There has been a clear trend towards Labour in the Britain-wide polls in recent days, while the upwards spike in Conservative support at the start of the campaign has also eroded. Nonetheless, the turnaround in fortunes in Wales appears particularly dramatic. After we had begun to consider the prospect of a genuinely historic election, this latest reading of the public mood suggests something much more in line with the last century of Welsh electoral politics.

What has happened to change things so dramatically? One possibility is always that this is simply an outlier – the "rogue poll" that basic sampling theory suggests will happen every now and then. As us psephologists are often required to say, "it’s just one poll". It may also be, as has been suggested by former party pollster James Morris, that Labour gains across Britain are more apparent than real: a function of a rise in the propensity of Labour supporters to respond to polls.

But if we assume that the direction of change shown by this poll is correct, even if the exact magnitude may not be, what might lie behind this resurgence in Labour’s fortunes in Wales?

One factor may simply be Rhodri Morgan.
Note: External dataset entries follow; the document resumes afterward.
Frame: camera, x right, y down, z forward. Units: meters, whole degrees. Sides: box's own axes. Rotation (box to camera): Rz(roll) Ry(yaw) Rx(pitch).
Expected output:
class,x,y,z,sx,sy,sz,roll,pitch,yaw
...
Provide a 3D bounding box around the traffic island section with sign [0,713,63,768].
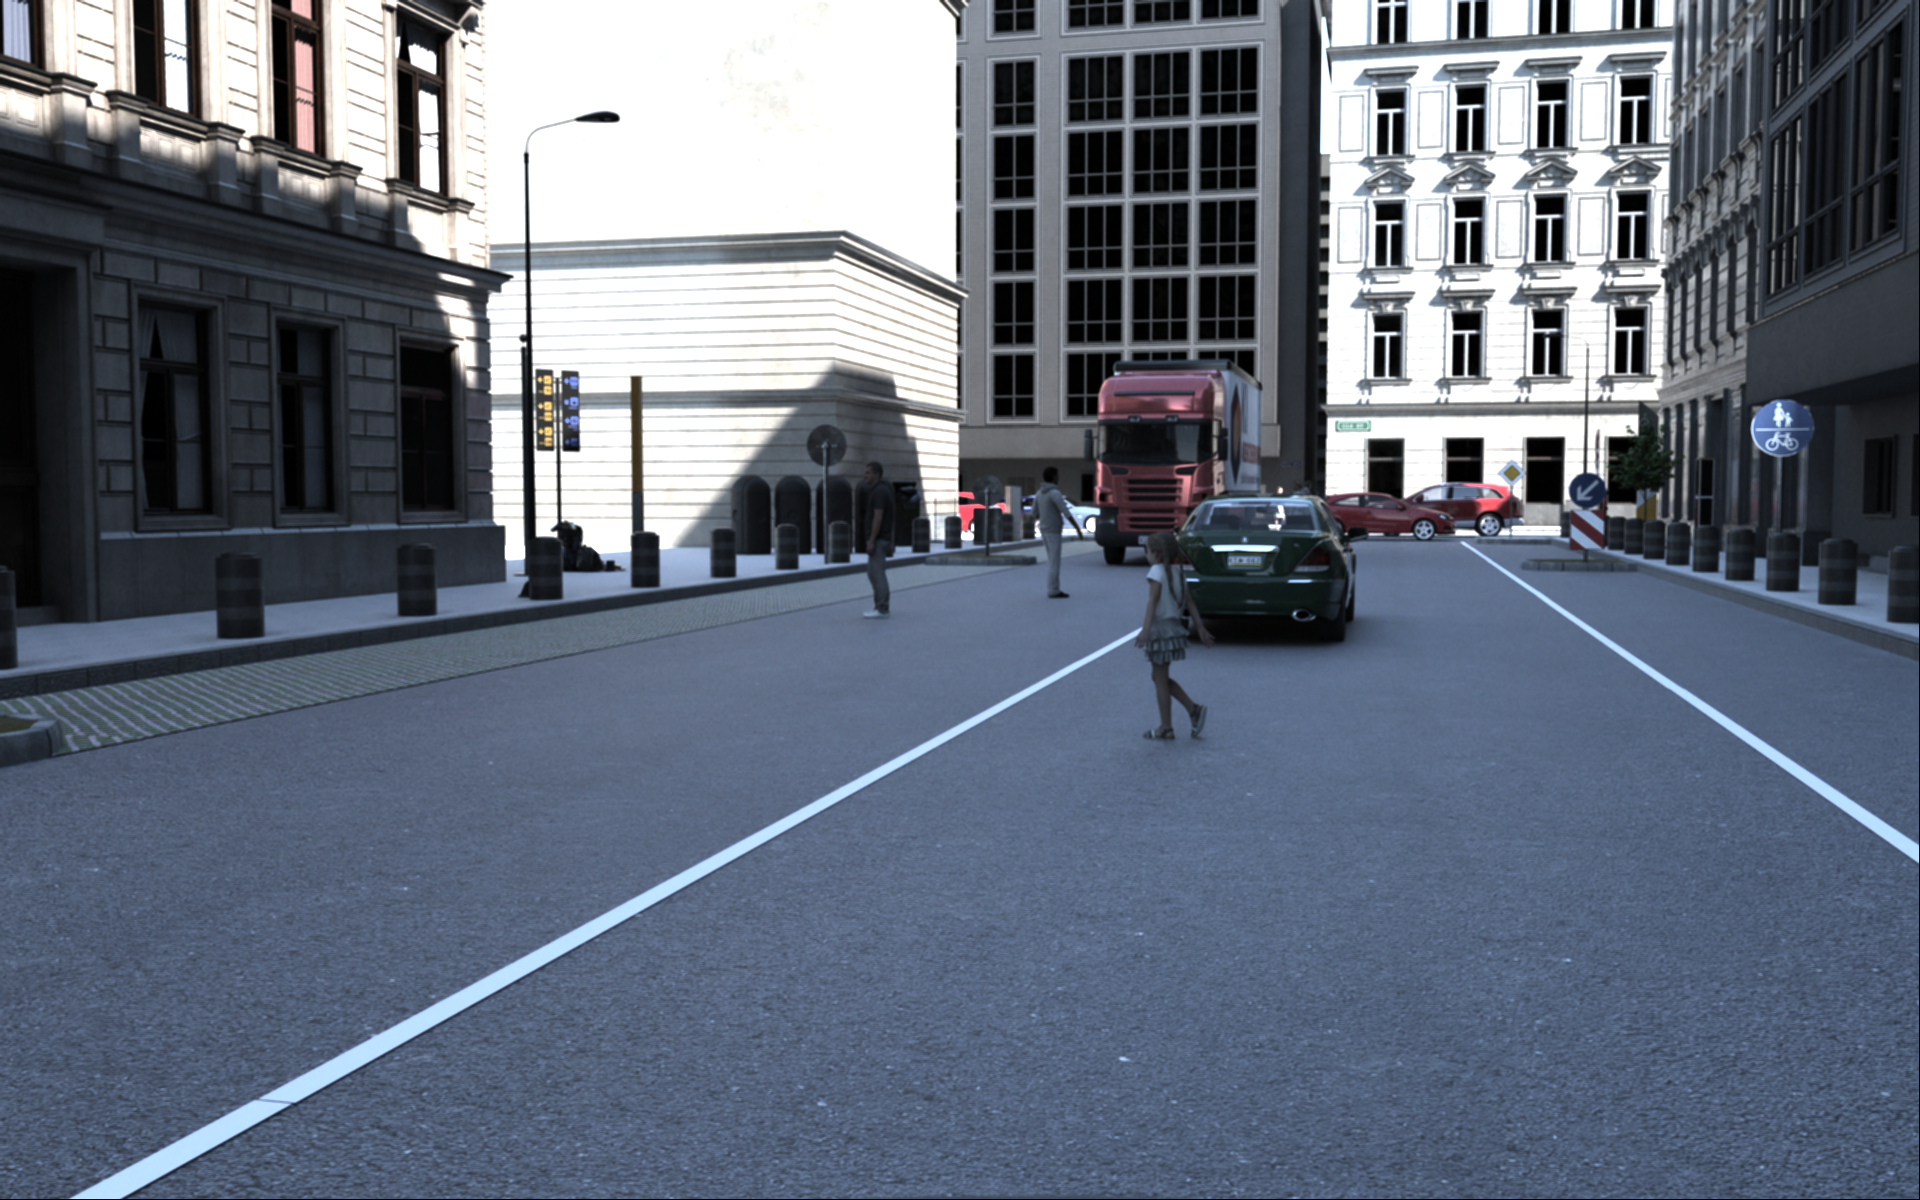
class,x,y,z,sx,sy,sz,roll,pitch,yaw
traffic island section with sign,-6.010,-0.032,9.152,1.989,1.847,2.006,1,4,14

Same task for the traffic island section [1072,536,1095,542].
class,x,y,z,sx,sy,sz,roll,pitch,yaw
traffic island section,4.679,-1.908,53.476,2.009,0.180,2.903,1,4,14

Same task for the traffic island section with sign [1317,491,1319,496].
class,x,y,z,sx,sy,sz,roll,pitch,yaw
traffic island section with sign,39.143,-11.116,190.367,1.989,1.847,2.006,1,4,14

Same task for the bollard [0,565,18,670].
class,x,y,z,sx,sy,sz,roll,pitch,yaw
bollard,-7.151,0.123,12.711,0.404,0.777,0.398,0,3,0

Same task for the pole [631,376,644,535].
class,x,y,z,sx,sy,sz,roll,pitch,yaw
pole,-5.581,-2.209,29.964,0.158,3.312,0.155,0,3,0

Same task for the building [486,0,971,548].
class,x,y,z,sx,sy,sz,roll,pitch,yaw
building,-17.673,-14.170,50.761,34.723,24.649,14.460,1,4,14

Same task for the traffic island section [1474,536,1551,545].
class,x,y,z,sx,sy,sz,roll,pitch,yaw
traffic island section,16.120,-1.734,50.631,2.009,0.180,2.903,1,4,14

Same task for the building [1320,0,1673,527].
class,x,y,z,sx,sy,sz,roll,pitch,yaw
building,37.359,-18.021,71.061,44.131,29.872,17.030,1,4,14

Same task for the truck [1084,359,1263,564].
class,x,y,z,sx,sy,sz,roll,pitch,yaw
truck,4.992,-3.033,38.505,2.839,4.237,11.283,1,4,15

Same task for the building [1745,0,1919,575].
class,x,y,z,sx,sy,sz,roll,pitch,yaw
building,17.766,-13.657,16.792,14.314,27.812,24.014,1,4,14

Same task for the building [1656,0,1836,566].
class,x,y,z,sx,sy,sz,roll,pitch,yaw
building,21.717,-11.536,37.762,9.793,20.994,18.267,1,4,14

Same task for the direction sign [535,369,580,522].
class,x,y,z,sx,sy,sz,roll,pitch,yaw
direction sign,-7.342,-2.427,31.684,0.876,3.537,0.379,-3,5,-43

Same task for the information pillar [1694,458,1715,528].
class,x,y,z,sx,sy,sz,roll,pitch,yaw
information pillar,15.160,-1.883,35.281,0.304,2.012,0.304,1,4,9

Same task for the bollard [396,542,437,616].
class,x,y,z,sx,sy,sz,roll,pitch,yaw
bollard,-5.748,-0.221,18.328,0.404,0.777,0.398,0,3,0

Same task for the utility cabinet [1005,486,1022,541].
class,x,y,z,sx,sy,sz,roll,pitch,yaw
utility cabinet,1.468,-2.369,47.408,0.318,1.500,1.173,0,4,-6

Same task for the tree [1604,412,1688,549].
class,x,y,z,sx,sy,sz,roll,pitch,yaw
tree,16.205,-2.837,40.988,1.663,3.219,1.824,0,3,0

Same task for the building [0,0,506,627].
class,x,y,z,sx,sy,sz,roll,pitch,yaw
building,-13.406,-9.328,17.138,10.561,19.102,19.286,1,4,14

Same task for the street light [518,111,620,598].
class,x,y,z,sx,sy,sz,roll,pitch,yaw
street light,-4.806,-2.982,21.300,1.470,5.913,1.316,1,4,14

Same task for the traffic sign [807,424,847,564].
class,x,y,z,sx,sy,sz,roll,pitch,yaw
traffic sign,-2.452,-1.934,31.733,0.768,2.556,0.104,1,4,15

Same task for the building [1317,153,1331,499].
class,x,y,z,sx,sy,sz,roll,pitch,yaw
building,46.350,-37.375,234.780,21.600,48.544,21.300,1,4,14

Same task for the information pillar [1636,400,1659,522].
class,x,y,z,sx,sy,sz,roll,pitch,yaw
information pillar,17.086,-3.164,43.087,0.504,3.616,0.183,1,4,21

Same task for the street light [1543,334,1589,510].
class,x,y,z,sx,sy,sz,roll,pitch,yaw
street light,17.553,-4.747,50.150,1.470,5.913,1.316,1,4,14

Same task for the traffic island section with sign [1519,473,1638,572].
class,x,y,z,sx,sy,sz,roll,pitch,yaw
traffic island section with sign,11.737,-1.488,32.964,1.989,1.847,2.006,1,4,14

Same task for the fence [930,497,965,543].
class,x,y,z,sx,sy,sz,roll,pitch,yaw
fence,-0.390,-2.173,46.725,0.480,1.192,2.264,1,4,15

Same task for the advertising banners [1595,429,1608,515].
class,x,y,z,sx,sy,sz,roll,pitch,yaw
advertising banners,17.046,-3.049,46.038,0.090,3.025,2.074,1,4,13

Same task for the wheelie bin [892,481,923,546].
class,x,y,z,sx,sy,sz,roll,pitch,yaw
wheelie bin,-1.342,-2.129,42.722,0.980,1.594,0.693,-2,4,-27

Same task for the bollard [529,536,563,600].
class,x,y,z,sx,sy,sz,roll,pitch,yaw
bollard,-5.052,-0.392,21.131,0.404,0.777,0.398,0,3,0

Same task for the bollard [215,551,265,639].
class,x,y,z,sx,sy,sz,roll,pitch,yaw
bollard,-6.450,-0.049,15.518,0.404,0.777,0.398,0,3,0

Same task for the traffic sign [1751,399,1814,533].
class,x,y,z,sx,sy,sz,roll,pitch,yaw
traffic sign,11.083,-1.425,23.403,0.768,2.556,0.104,1,4,19

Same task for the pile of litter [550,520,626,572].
class,x,y,z,sx,sy,sz,roll,pitch,yaw
pile of litter,-6.436,-0.917,28.963,1.719,0.858,1.176,2,4,31

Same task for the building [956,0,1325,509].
class,x,y,z,sx,sy,sz,roll,pitch,yaw
building,3.937,-17.437,78.604,24.014,27.812,14.314,1,4,14

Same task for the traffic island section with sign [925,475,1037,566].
class,x,y,z,sx,sy,sz,roll,pitch,yaw
traffic island section with sign,0.498,-1.632,35.313,1.989,1.847,2.006,1,4,14

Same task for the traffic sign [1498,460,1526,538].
class,x,y,z,sx,sy,sz,roll,pitch,yaw
traffic sign,16.095,-2.870,50.560,0.795,2.450,0.064,1,4,14

Sampling for the poll started on Thursday last week – less than a day after the announcement of the death of the much-loved former First Minister. Much of Welsh media coverage of politics in the days since has, understandably, focused on sympathetic accounts of Mr Morgan’s record and legacy. It would hardly be surprising if that had had some positive impact on the poll ratings of Rhodri Morgan’s party – which, we should note, are up significantly in this new poll not only for the general election but also in voting intentions for the Welsh Assembly. If this has played a role, such a sympathy factor is likely to be short-lived: by polling day, people’s minds will probably have refocussed on the electoral choice ahead of them.

But it could also be that Labour’s campaign in Wales is working. While Labour have been making modest ground across Britain, in Wales there has been a determined effort by the party to run a separate campaign from that of the UK-wide party, under the "Welsh Labour" brand that carried them to victory in last year’s devolved election and this year’s local council contests. Today saw the launch of the Welsh Labour manifesto. Unlike two years ago, when the party’s Welsh manifesto was only a modestly Welshed-up version of the UK-wide document, the 2017 Welsh Labour manifesto is a completely separate document. At the launch, First Minister Carwyn Jones – who, despite not being a candidate in this election is fronting the Welsh Labour campaign – did not even mention Jeremy Corbyn.
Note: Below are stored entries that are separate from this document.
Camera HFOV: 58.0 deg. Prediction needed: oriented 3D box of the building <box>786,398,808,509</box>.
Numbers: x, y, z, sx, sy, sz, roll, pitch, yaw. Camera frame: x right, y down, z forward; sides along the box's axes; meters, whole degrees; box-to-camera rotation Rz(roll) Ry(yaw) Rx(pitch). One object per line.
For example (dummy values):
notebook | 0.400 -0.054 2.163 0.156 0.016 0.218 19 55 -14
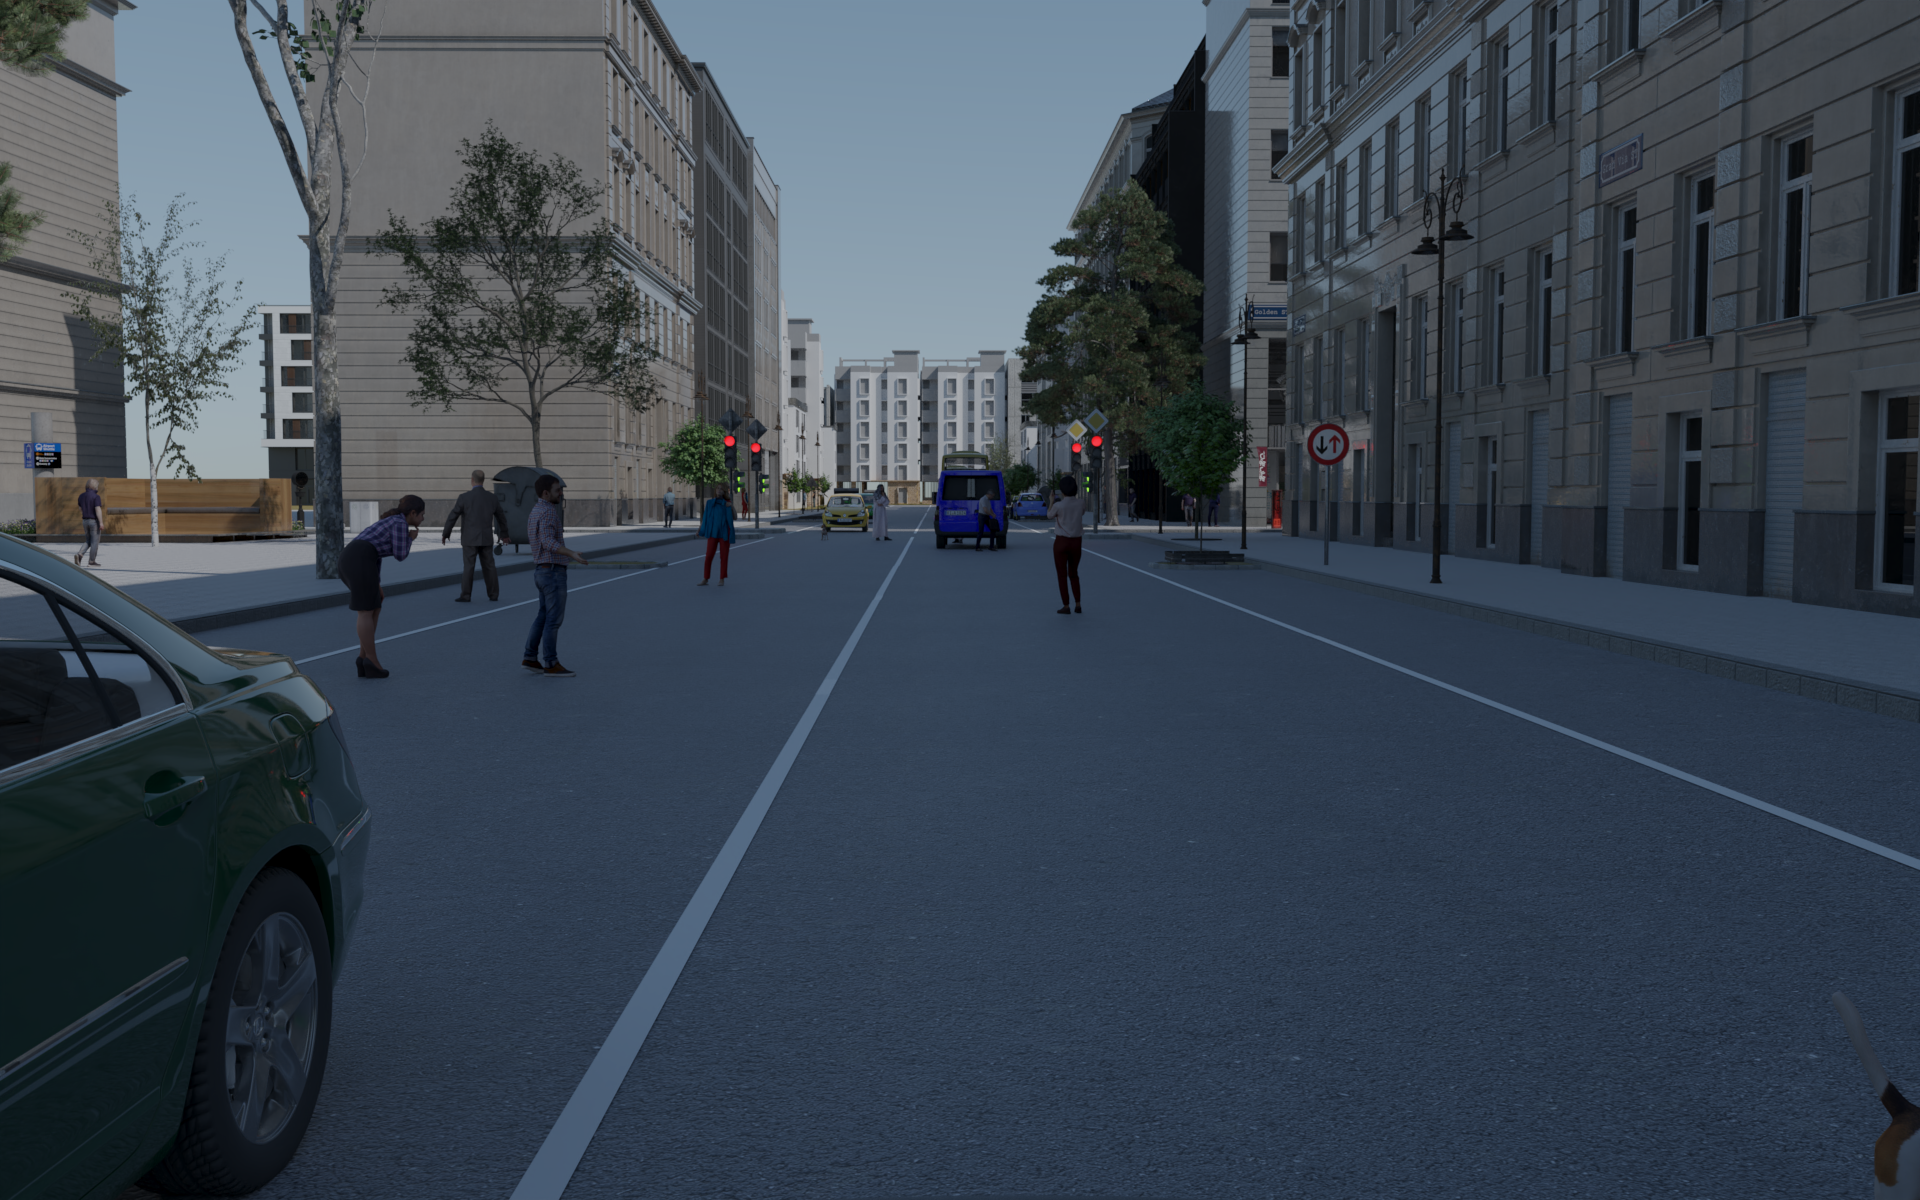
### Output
building | -19.036 -13.620 164.836 9.099 9.664 28.070 0 4 -1

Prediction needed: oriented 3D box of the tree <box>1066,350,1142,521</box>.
tree | 6.693 -8.044 81.883 4.737 8.622 4.395 0 3 0

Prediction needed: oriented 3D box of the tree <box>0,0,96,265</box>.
tree | -9.280 -5.477 11.604 6.751 12.117 7.091 0 3 0

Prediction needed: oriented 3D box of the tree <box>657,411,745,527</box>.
tree | -10.235 -5.205 68.812 4.285 4.588 4.351 0 3 0

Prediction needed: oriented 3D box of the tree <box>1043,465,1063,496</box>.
tree | 6.469 -7.277 113.588 1.663 3.219 1.824 0 3 0

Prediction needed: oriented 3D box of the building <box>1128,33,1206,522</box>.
building | 15.489 -15.711 86.554 12.332 23.373 15.834 0 4 -1

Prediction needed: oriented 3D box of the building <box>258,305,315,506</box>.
building | -59.513 -21.644 197.855 32.646 21.610 27.936 0 4 -1

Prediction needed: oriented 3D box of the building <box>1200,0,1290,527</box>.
building | 25.718 -18.011 71.980 29.804 29.767 11.434 0 4 -1

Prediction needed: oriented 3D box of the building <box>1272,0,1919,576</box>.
building | 15.681 -14.865 40.304 12.463 27.353 25.104 0 4 -1

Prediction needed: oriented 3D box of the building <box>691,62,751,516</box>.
building | -20.723 -18.915 102.767 14.314 27.812 24.014 0 4 -1

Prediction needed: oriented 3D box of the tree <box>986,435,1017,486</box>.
tree | 4.935 -16.257 216.169 4.737 8.622 4.395 0 3 0

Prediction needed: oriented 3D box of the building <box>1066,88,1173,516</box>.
building | 17.248 -20.817 116.773 17.030 29.872 44.131 0 4 -1

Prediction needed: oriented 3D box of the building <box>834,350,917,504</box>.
building | -11.041 -23.076 233.719 11.380 20.091 16.016 0 4 -1

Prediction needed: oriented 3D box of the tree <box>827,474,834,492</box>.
tree | -11.552 -9.218 145.312 1.663 3.219 1.824 0 3 0

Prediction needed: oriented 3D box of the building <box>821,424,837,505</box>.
building | -29.020 -16.263 208.051 28.070 9.664 9.099 0 4 -1

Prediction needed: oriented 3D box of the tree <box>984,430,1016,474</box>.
tree | 4.570 -14.972 195.152 4.360 8.622 3.978 0 3 0

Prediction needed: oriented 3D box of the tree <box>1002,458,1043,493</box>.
tree | 5.684 -10.578 156.663 4.285 4.588 4.351 0 3 0

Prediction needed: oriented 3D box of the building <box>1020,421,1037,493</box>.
building | 12.043 -15.688 198.637 9.099 9.664 28.070 0 4 -1

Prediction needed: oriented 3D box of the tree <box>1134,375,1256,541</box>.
tree | 6.517 -3.945 48.217 4.285 4.588 4.351 0 3 0

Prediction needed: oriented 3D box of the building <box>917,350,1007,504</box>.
building | 0.338 -23.086 233.869 11.380 20.091 16.016 0 4 -1

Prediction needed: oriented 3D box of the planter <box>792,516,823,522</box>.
planter | -7.518 -4.132 88.699 1.991 0.319 1.994 0 4 -1

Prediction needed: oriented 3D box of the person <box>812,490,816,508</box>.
person | -13.711 -9.563 162.418 0.705 1.822 1.348 0 4 6

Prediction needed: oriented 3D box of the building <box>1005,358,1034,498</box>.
building | 21.910 -22.485 234.087 31.486 18.905 16.747 0 4 -1

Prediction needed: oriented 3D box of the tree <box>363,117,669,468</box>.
tree | -10.830 -6.678 43.594 7.601 10.594 8.767 0 4 2

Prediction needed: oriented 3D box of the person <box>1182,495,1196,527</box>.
person | 9.072 -3.665 68.175 0.569 1.553 0.471 3 5 40

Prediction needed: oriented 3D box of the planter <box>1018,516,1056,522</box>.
planter | 3.991 -4.166 89.252 1.991 0.319 1.994 0 4 -1

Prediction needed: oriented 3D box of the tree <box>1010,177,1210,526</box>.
tree | 5.926 -9.911 69.475 7.806 13.903 7.818 0 3 0

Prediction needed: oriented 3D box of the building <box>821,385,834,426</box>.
building | -32.933 -22.480 234.013 31.486 18.905 16.747 0 4 -1

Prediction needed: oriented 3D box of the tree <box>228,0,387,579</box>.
tree | -10.864 -10.343 24.995 12.611 20.169 13.585 0 3 0

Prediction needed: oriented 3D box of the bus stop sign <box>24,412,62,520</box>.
bus stop sign | -29.610 -4.093 55.943 0.837 3.901 0.837 3 5 41

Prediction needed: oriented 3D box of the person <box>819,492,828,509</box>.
person | -12.035 -8.881 151.970 1.217 1.736 0.721 -3 5 -44

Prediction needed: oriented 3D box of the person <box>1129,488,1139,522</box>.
person | 7.944 -4.333 79.090 0.471 1.553 0.569 0 4 7

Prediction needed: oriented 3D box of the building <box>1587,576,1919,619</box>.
building | 15.542 -13.332 15.242 12.463 27.353 25.104 0 4 -1

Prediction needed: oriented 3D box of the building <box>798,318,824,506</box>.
building | -22.455 -20.045 184.162 16.016 20.091 11.380 0 4 -1

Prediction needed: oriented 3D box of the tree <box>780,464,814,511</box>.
tree | -10.409 -6.999 109.038 1.663 3.219 1.824 0 3 0

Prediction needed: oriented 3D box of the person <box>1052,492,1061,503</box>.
person | 5.715 -5.770 103.610 0.697 1.427 0.421 3 4 38

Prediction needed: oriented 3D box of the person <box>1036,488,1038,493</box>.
person | 5.700 -7.287 126.121 0.436 1.711 0.756 1 4 17

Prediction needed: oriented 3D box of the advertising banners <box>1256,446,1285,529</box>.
advertising banners | 11.712 -4.140 63.875 2.074 3.025 0.090 -2 4 -31

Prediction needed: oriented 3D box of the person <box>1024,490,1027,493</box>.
person | 6.138 -9.389 159.568 0.705 1.823 1.348 2 4 26

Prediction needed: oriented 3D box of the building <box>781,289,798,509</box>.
building | -22.328 -17.637 144.784 16.016 20.091 11.380 0 4 -1

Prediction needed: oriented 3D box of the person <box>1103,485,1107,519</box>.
person | 7.285 -4.965 87.753 0.750 1.759 0.617 2 4 30

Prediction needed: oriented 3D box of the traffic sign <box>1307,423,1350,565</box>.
traffic sign | 6.615 -1.902 31.204 0.768 2.556 0.104 0 4 2

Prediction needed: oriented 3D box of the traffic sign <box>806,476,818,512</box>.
traffic sign | -10.407 -7.435 121.569 0.884 2.594 0.081 0 4 7

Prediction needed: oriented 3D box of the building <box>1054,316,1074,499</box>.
building | 16.143 -17.784 147.181 16.016 20.091 11.380 0 4 -1

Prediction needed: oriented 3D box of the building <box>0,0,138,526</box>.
building | -49.235 -17.429 72.350 23.554 28.519 14.401 0 4 -1

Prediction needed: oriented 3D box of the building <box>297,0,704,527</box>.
building | -19.350 -17.188 78.283 12.463 27.353 25.104 0 4 -1

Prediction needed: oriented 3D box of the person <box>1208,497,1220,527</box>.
person | 9.936 -3.717 67.519 0.576 1.737 0.504 2 4 33

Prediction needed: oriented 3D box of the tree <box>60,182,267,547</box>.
tree | -19.327 -5.597 41.875 4.360 8.622 3.978 0 3 0

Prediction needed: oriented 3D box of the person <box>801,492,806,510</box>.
person | -12.370 -7.878 137.053 0.429 1.552 0.499 3 4 36

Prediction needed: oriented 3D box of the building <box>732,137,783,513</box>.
building | -19.770 -18.766 124.847 12.078 24.808 19.932 0 4 -1

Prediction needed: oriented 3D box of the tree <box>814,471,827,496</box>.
tree | -11.375 -8.297 130.257 1.663 3.219 1.824 0 3 0

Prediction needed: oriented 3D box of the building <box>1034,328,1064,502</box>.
building | 16.771 -18.483 168.648 16.747 18.905 31.486 0 4 -1

Carwyn Jones also represented Labour at last week’s ITV-Wales debate – in contrast to 2015, when Labour’s spokesperson was then Shadow Welsh Secretary Owen Smith. Jones gave an effective performance, being probably the best performer alongside Plaid Cymru’s Leanne Wood. In fact, Wood was also a participant in the peculiar, May-less and Corbyn-less, ITV debate in Manchester last Thursday, where she again performed capably. But her party have as yet been wholly unable to turn this public platform into support. The new Welsh poll shows Plaid Cymru down to merely nine percent. Nor are there any signs yet that the election campaign is helping the Liberal Democrats - their six percent support in the new Welsh poll puts them, almost unbelievably, at an even lower level than they secured in the disastrous election of two year ago.

This is only one poll. And the more general narrowing of the polls across Britain will likely lead to further intensification, by the Conservatives and their supporters in the press, of the idea of the election as a choice between Theresa May and Jeremy Corbyn as potential Prime Ministers. Even in Wales, this contrast does not play well for Labour. But parties do not dominate the politics of a nation for nearly a century, as Labour has done in Wales, just by accident. Under a strong Conservative challenge they certainly are, but Welsh Labour is not about to go gently into that good night.

Roger Scully is Professor of Political Science in the Wales Governance Centre at Cardiff University.